Per-layer pointer bundle for batched MTP state scatter (analogous to KVLayerInfo).

Public Members

void *recurrentDst#

Main recurrent state pool [batchSize, recElements] FP32.

void *recurrentSrc#

Intermediate recurrent state buffer [batchSize, verifyTreeSize, recElements] FP32.

void *convDst#

Main conv state pool [batchSize, convElements] FP16.

void *convSrc#

Intermediate conv state buffer [batchSize, verifyTreeSize, convElements] FP16.

void trt_edgellm::kernel::mtpScatterRecurrentStates(
MtpLayerInfo const *deviceLayerInfos,
int32_t numLayers,
int32_t activeBatchSize,
int32_t verifyTreeSize,
int32_t stateElements,
int32_t const *acceptLengths,
cudaStream_t stream
)#

Batched scatter of accepted recurrent states (FP32) across all GDN layers. For each (layer, batch): dst[b, :] = src[b, acceptLengths[b] - 1, :]. Skip if acceptLengths[b] <= 0; no-op if acceptLengths[b] >= verifyTreeSize. stateElements must be divisible by 8 (DVec<float> vec_size).

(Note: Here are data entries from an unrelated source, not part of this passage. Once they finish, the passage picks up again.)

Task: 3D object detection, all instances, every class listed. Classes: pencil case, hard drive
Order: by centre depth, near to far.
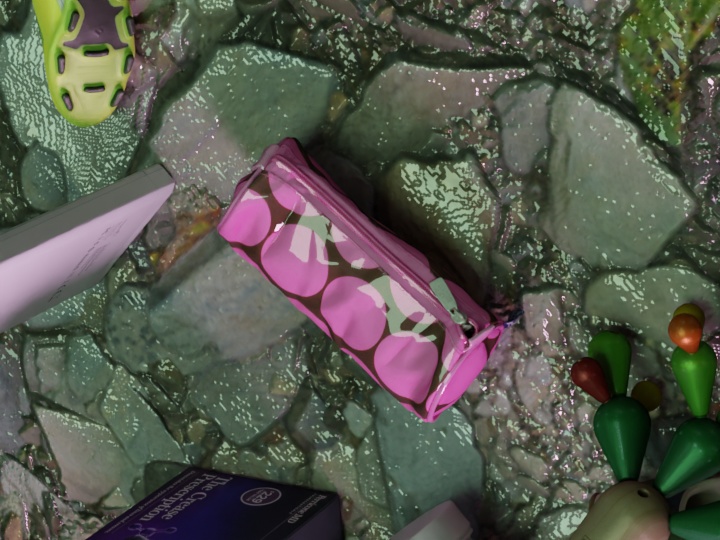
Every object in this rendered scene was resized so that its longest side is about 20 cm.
[{"bbox_3d":[0.000,0.000,1.071,0.200,0.091,0.094,39,161,12],"label":"pencil case"},{"bbox_3d":[-0.225,0.001,1.149,0.027,0.200,0.132,50,128,6],"label":"hard drive"}]

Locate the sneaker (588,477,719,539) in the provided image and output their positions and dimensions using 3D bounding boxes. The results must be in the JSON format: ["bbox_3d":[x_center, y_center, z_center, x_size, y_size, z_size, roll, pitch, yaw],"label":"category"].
[{"bbox_3d":[0.189,0.200,0.977,0.090,0.201,0.067,-21,133,20],"label":"sneaker"}]

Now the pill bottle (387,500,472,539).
[{"bbox_3d":[0.085,0.256,1.104,0.113,0.113,0.200,-38,87,38],"label":"pill bottle"}]

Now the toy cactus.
[{"bbox_3d":[0.181,0.117,0.960,0.165,0.102,0.200,-45,66,-5],"label":"toy cactus"}]

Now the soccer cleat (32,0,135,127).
[{"bbox_3d":[-0.199,-0.199,1.149,0.084,0.065,0.201,34,136,55],"label":"soccer cleat"}]

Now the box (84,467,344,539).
[{"bbox_3d":[-0.120,0.220,1.171,0.141,0.200,0.079,8,114,31],"label":"box"}]
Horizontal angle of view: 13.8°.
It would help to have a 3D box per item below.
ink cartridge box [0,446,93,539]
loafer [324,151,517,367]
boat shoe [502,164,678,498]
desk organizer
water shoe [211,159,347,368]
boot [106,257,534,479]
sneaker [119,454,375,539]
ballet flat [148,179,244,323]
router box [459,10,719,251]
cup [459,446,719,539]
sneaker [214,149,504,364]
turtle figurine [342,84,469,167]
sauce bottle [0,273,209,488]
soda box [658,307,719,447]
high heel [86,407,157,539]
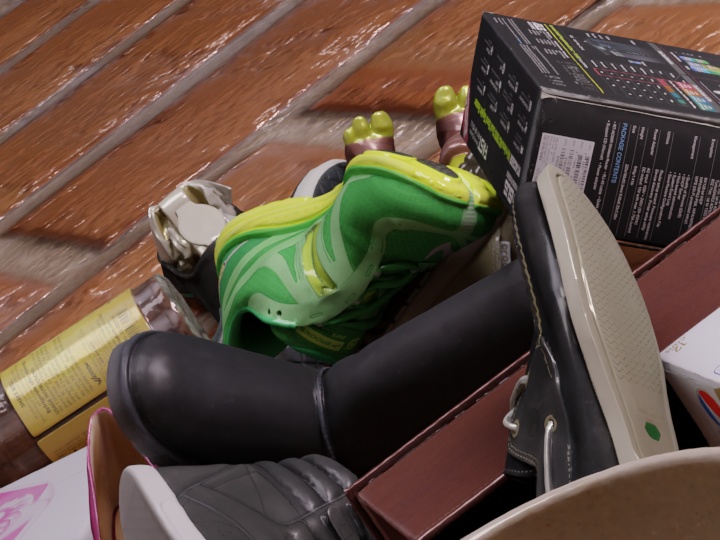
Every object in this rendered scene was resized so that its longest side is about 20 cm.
[{"bbox_3d":[-0.204,0.174,1.489,0.200,0.043,0.196,-26,19,19],"label":"ink cartridge box"},{"bbox_3d":[0.053,0.010,1.425,0.200,0.068,0.076,-55,15,-11],"label":"loafer"},{"bbox_3d":[0.078,0.053,1.098,0.068,0.072,0.200,-23,60,23],"label":"boat shoe"},{"bbox_3d":[0.102,0.064,1.180,0.200,0.072,0.077,-37,20,-9],"label":"desk organizer"},{"bbox_3d":[-0.040,0.007,1.593,0.079,0.072,0.200,-29,16,29],"label":"water shoe"},{"bbox_3d":[0.015,0.039,1.282,0.200,0.165,0.066,-23,60,30],"label":"boot"},{"bbox_3d":[-0.024,0.133,1.219,0.099,0.071,0.200,-10,31,-20],"label":"sneaker"},{"bbox_3d":[-0.084,-0.017,1.739,0.068,0.068,0.200,-37,17,-9],"label":"ballet flat"},{"bbox_3d":[0.132,-0.058,1.316,0.150,0.062,0.200,9,13,-7],"label":"router box"},{"bbox_3d":[0.077,0.166,0.822,0.200,0.143,0.200,-31,17,10],"label":"cup"},{"bbox_3d":[0.000,0.000,1.370,0.200,0.074,0.084,-25,55,54],"label":"sneaker"},{"bbox_3d":[0.054,-0.038,1.546,0.200,0.064,0.161,-29,30,5],"label":"turtle figurine"},{"bbox_3d":[-0.178,0.078,1.658,0.200,0.065,0.065,-32,17,2],"label":"sauce bottle"},{"bbox_3d":[0.216,0.006,1.131,0.200,0.068,0.064,-36,17,-10],"label":"soda box"},{"bbox_3d":[-0.093,0.131,1.305,0.067,0.096,0.200,-30,17,12],"label":"high heel"}]
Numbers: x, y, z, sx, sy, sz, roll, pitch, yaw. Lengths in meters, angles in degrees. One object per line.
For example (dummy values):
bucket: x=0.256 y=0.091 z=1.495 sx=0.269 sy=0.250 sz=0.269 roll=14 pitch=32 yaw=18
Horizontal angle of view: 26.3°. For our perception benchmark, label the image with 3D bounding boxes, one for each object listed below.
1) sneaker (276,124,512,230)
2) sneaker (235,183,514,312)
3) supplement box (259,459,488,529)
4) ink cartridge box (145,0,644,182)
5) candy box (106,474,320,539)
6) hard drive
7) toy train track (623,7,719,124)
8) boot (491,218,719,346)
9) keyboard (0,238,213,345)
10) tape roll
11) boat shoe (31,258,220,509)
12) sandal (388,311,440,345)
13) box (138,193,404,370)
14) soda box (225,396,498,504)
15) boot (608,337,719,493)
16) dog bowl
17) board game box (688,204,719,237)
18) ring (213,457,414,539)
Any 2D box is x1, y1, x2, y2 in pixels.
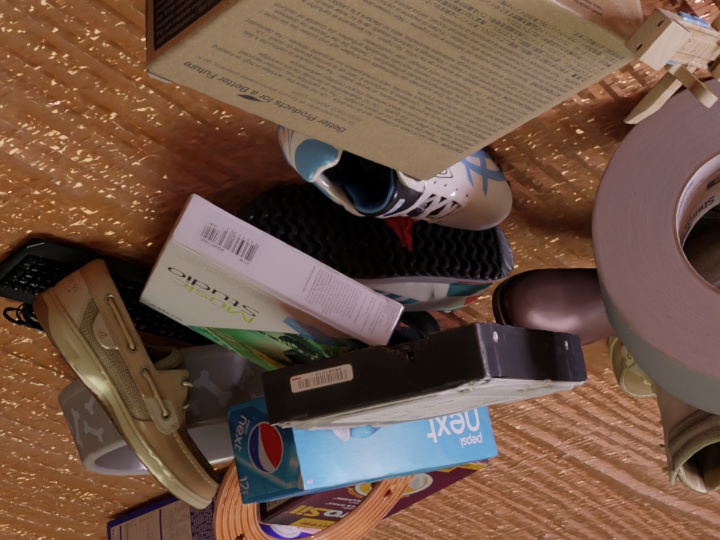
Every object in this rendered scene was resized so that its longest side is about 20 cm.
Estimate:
sneaker: x=0.023 y=-0.054 z=0.933 sx=0.072 sy=0.073 sz=0.200 roll=-27 pitch=149 yaw=33
sneaker: x=0.000 y=0.000 z=1.037 sx=0.199 sy=0.071 sz=0.093 roll=5 pitch=146 yaw=-27
supplement box: x=0.005 y=0.157 z=1.340 sx=0.110 sy=0.086 sz=0.200 roll=12 pitch=149 yaw=-32
ink cartridge box: x=0.017 y=-0.132 z=0.768 sx=0.199 sy=0.075 sz=0.164 roll=18 pitch=147 yaw=-42
candy box: x=-0.131 y=0.276 z=1.566 sx=0.200 sy=0.077 sz=0.169 roll=-26 pitch=148 yaw=37
hard drive: x=0.046 y=0.067 z=0.937 sx=0.139 sy=0.038 sz=0.200 roll=-14 pitch=171 yaw=22
toy train track: x=0.178 y=-0.110 z=0.795 sx=0.115 sy=0.033 sz=0.200 roll=-49 pitch=165 yaw=19
boot: x=0.209 y=-0.007 z=1.017 sx=0.186 sy=0.065 sz=0.200 roll=-5 pitch=162 yaw=-43
keyboard: x=-0.174 y=0.034 z=1.107 sx=0.199 sy=0.040 sz=0.104 roll=18 pitch=145 yaw=-38
tape roll: x=0.238 y=-0.016 z=0.910 sx=0.199 sy=0.201 sz=0.066 roll=-11 pitch=154 yaw=10
boat shoe: x=-0.147 y=0.083 z=1.070 sx=0.064 sy=0.071 sz=0.200 roll=-35 pitch=117 yaw=-5
sandal: x=0.031 y=0.042 z=1.147 sx=0.075 sy=0.048 sz=0.200 roll=28 pitch=-173 yaw=29
box: x=-0.064 y=0.021 z=0.987 sx=0.144 sy=0.036 sz=0.200 roll=28 pitch=165 yaw=-6
soda box: x=0.005 y=0.113 z=1.070 sx=0.064 sy=0.068 sz=0.199 roll=-20 pitch=168 yaw=42
boot: x=0.249 y=0.101 z=1.200 sx=0.072 sy=0.155 sz=0.200 roll=-2 pitch=154 yaw=-8
dog bowl: x=-0.135 y=0.113 z=1.212 sx=0.199 sy=0.059 sz=0.200 roll=-12 pitch=164 yaw=-3
board game box: x=0.293 y=-0.032 z=1.090 sx=0.199 sy=0.024 sz=0.105 roll=4 pitch=153 yaw=-19
ring: x=-0.029 y=0.150 z=1.168 sx=0.200 sy=0.019 sz=0.201 roll=-25 pitch=137 yaw=-26
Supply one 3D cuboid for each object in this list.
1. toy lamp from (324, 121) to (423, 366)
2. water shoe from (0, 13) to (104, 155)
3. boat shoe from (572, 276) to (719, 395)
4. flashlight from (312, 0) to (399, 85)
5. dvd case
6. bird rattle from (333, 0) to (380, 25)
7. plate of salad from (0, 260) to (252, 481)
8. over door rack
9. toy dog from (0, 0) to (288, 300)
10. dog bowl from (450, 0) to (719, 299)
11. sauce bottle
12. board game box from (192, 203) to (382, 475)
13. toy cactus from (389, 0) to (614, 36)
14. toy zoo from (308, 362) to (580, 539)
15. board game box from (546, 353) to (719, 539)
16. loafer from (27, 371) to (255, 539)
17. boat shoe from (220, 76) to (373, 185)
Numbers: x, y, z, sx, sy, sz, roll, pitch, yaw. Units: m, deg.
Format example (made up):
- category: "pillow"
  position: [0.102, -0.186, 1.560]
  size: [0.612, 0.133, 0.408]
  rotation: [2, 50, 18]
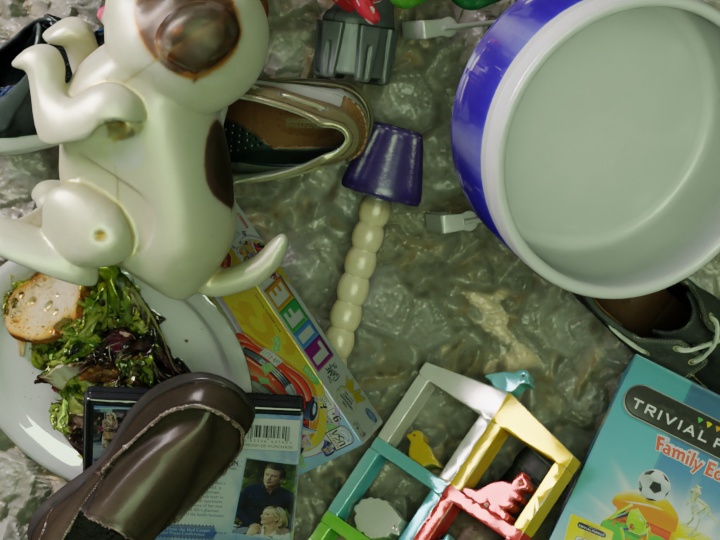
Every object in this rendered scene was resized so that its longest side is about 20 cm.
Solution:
- category: "toy lamp"
  position: [0.000, 0.000, 1.692]
  size: [0.058, 0.058, 0.201]
  rotation: [13, 95, -7]
- category: "water shoe"
  position: [-0.180, -0.127, 1.619]
  size: [0.199, 0.072, 0.079]
  rotation: [-16, 141, 14]
- category: "boat shoe"
  position: [0.221, 0.044, 1.715]
  size: [0.200, 0.068, 0.072]
  rotation: [38, 91, -10]
- category: "flashlight"
  position: [0.003, -0.226, 1.664]
  size: [0.067, 0.068, 0.201]
  rotation: [8, 94, -7]
- category: "dvd case"
  position: [-0.114, 0.161, 1.663]
  size: [0.142, 0.018, 0.201]
  rotation: [3, 126, -4]
- category: "bird rattle"
  position: [-0.091, -0.195, 1.596]
  size: [0.163, 0.200, 0.113]
  rotation: [-1, 103, -46]
- category: "plate of salad"
  position: [-0.169, 0.072, 1.645]
  size: [0.199, 0.048, 0.201]
  rotation: [7, 122, 12]
- category: "over door rack"
  position: [0.136, -0.105, 1.691]
  size: [0.199, 0.067, 0.149]
  rotation: [-7, 95, -6]
- category: "toy dog"
  position: [-0.125, -0.091, 1.522]
  size: [0.193, 0.139, 0.201]
  rotation: [25, 111, 16]
- category: "dog bowl"
  position: [0.161, -0.088, 1.597]
  size: [0.199, 0.079, 0.201]
  rotation: [-8, 114, -19]
- category: "sauce bottle"
  position: [0.063, 0.207, 1.714]
  size: [0.065, 0.065, 0.200]
  rotation: [44, 89, -8]
- category: "board game box"
  position: [-0.093, 0.050, 1.661]
  size: [0.134, 0.034, 0.200]
  rotation: [-29, 100, 35]
- category: "toy cactus"
  position: [0.104, -0.218, 1.629]
  size: [0.165, 0.102, 0.200]
  rotation: [41, 47, 2]
- category: "toy zoo"
  position: [0.058, 0.152, 1.688]
  size: [0.131, 0.020, 0.200]
  rotation: [32, 85, 28]
- category: "board game box"
  position: [0.209, 0.179, 1.684]
  size: [0.150, 0.047, 0.201]
  rotation: [26, 69, 3]
- category: "loafer"
  position: [-0.138, 0.145, 1.595]
  size: [0.073, 0.071, 0.200]
  rotation: [33, 119, -23]
- category: "boat shoe"
  position: [-0.094, -0.094, 1.650]
  size: [0.199, 0.068, 0.075]
  rotation: [-5, 104, 9]
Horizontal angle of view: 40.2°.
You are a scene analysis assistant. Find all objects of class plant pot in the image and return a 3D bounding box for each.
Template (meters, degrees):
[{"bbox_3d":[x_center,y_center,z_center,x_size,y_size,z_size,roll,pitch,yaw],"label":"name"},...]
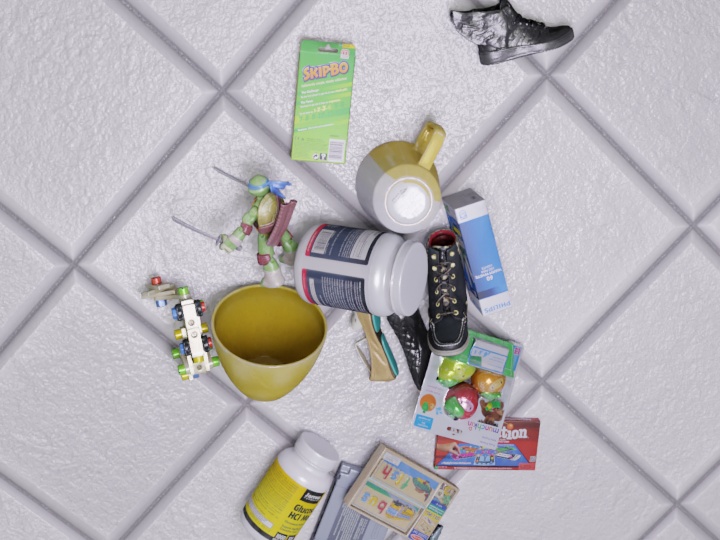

void trt_edgellm::kernel::mtpScatterConvStates(
MtpLayerInfo const *deviceLayerInfos,
int32_t numLayers,
int32_t activeBatchSize,
int32_t verifyTreeSize,
int32_t stateElements,
int32_t const *acceptLengths,
cudaStream_t stream
)#

Batched scatter of accepted conv states (FP16). Same shape as recurrent variant.